Home > Science > The Outlander Series 7-Book Bundle > Page 291
The Outlander Series 7-Book Bundle Page 291

by Diana Gabaldon


  “I don’t know,” I said. “Lawrence told me there are a lot of free blacks on Hispaniola. Lots of Creoles and mixed-race people, and a good many who own their own businesses. Is it like that on Jamaica, too?”

  He shook his head, and reached for a roll from the tray.

  “I dinna think so. It’s true, there are some free blacks who earn a living for themselves, but those are the ones who have some skill—sempstresses and fishers and such. I spoke to this Temeraire a bit. He was a cane-cutter until he lost his arm, and doesna ken how to do anything else much.”

  I laid the roll down, barely tasted, and frowned unhappily at the papers. The mere idea of owning a slave frightened and disgusted me, but it was beginning to dawn on me that it might not be so simple to divest myself of the responsibility.

  The man had been taken from a barracoon on the Guinea coast, five years before. My original impulse, to return him to his home, was clearly impossible; even had it been possible to find a ship headed for Africa that would agree to take him as a passenger, the overwhelming likelihood was that he would be immediately enslaved again, either by the ship that accepted him, or by another slaver in the West African ports.

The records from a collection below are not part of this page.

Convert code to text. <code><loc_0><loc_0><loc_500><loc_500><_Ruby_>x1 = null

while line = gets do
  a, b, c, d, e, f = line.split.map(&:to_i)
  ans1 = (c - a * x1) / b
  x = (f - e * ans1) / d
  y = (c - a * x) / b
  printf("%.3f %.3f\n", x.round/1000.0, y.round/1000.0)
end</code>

  Traveling alone, one-armed and ignorant, he would have no protection at all. And even if he should by some miracle reach Africa safely and keep himself out of the hands of both European and African slavers, there was virtually no chance of his ever finding his way back to his village. Should he do so, Lawrence had kindly explained, he would likely be killed or driven away, as his own people would regard him now as a ghost, and a danger to them.

  “I dinna suppose ye would consider selling him?” Jamie put the question delicately, raising one eyebrow. “To someone we could be sure would treat him kindly?”

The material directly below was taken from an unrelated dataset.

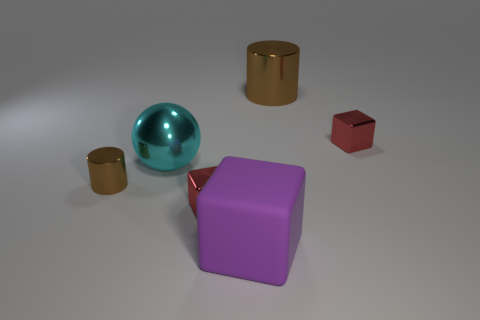Subtract all large matte cubes. How many cubes are left? 2 Add 3 tiny metal cubes. How many objects exist? 9 Subtract all purple cubes. How many cubes are left? 2 Subtract all shiny things. Subtract all spheres. How many objects are left? 0 Add 3 big brown cylinders. How many big brown cylinders are left? 4 Add 1 big gray balls. How many big gray balls exist? 1 Subtract 0 gray cubes. How many objects are left? 6 Subtract all cylinders. How many objects are left? 4 Subtract 2 blocks. How many blocks are left? 1 Subtract all red spheres. Subtract all blue blocks. How many spheres are left? 1

  I rubbed two fingers between my brows, trying to soothe the growing headache.

  “I can’t see that that’s any better than owning him ourselves,” I protested. “Worse, probably, because we couldn’t be sure what the new owners would do with him.”

  Jamie sighed. He had spent most of the day climbing through the dark, reeking cargo holds with Fergus, making up inventories against our arrival in Jamaica, and he was tired.

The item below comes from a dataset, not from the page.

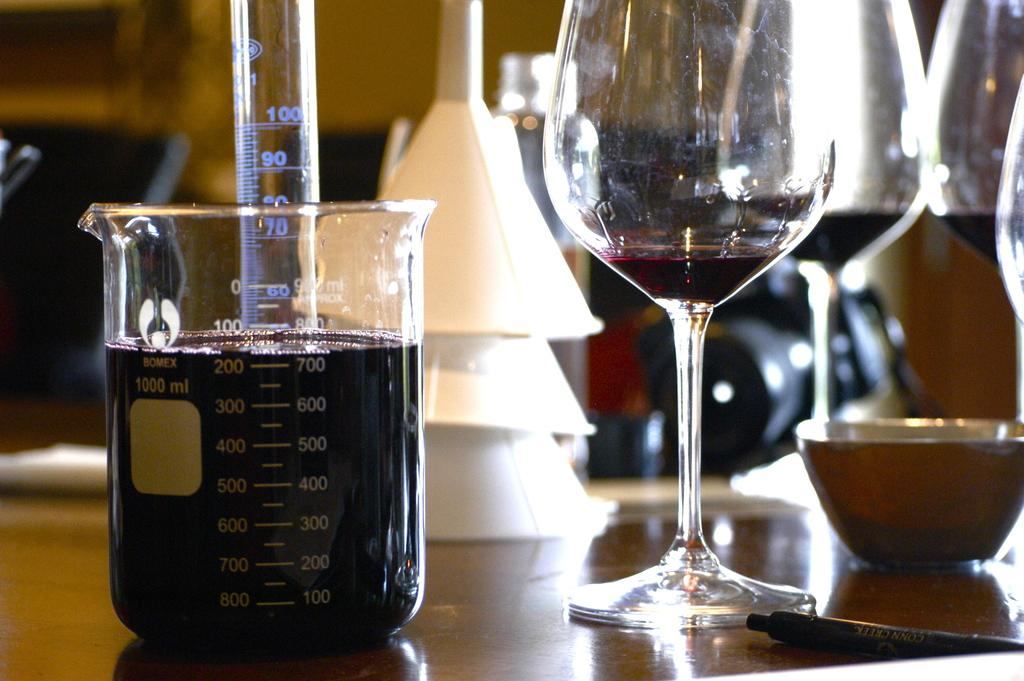Provide a one-sentence caption for the provided image. A glass of wine next to a measuring cup with digits like 400 and 500 listed.

  “Aye, I see that,” he said. “But it’s no kindness to free him to starve, that I can see.”

  “No.” I fought back the uncharitable wish that I had never seen the one-armed slave. It would have been a great deal easier for me if I had not—but possibly not for him.

  Jamie rose from the berth and stretched himself, leaning on the desk and flexing his shoulders to ease them. He bent and kissed me on the forehead, between the brows.

  “Dinna fash, Sassenach. I’ll speak to the manager at Jared’s plantation. Perhaps he can find the man some employment, or else—”

  A warning shout from above interrupted him.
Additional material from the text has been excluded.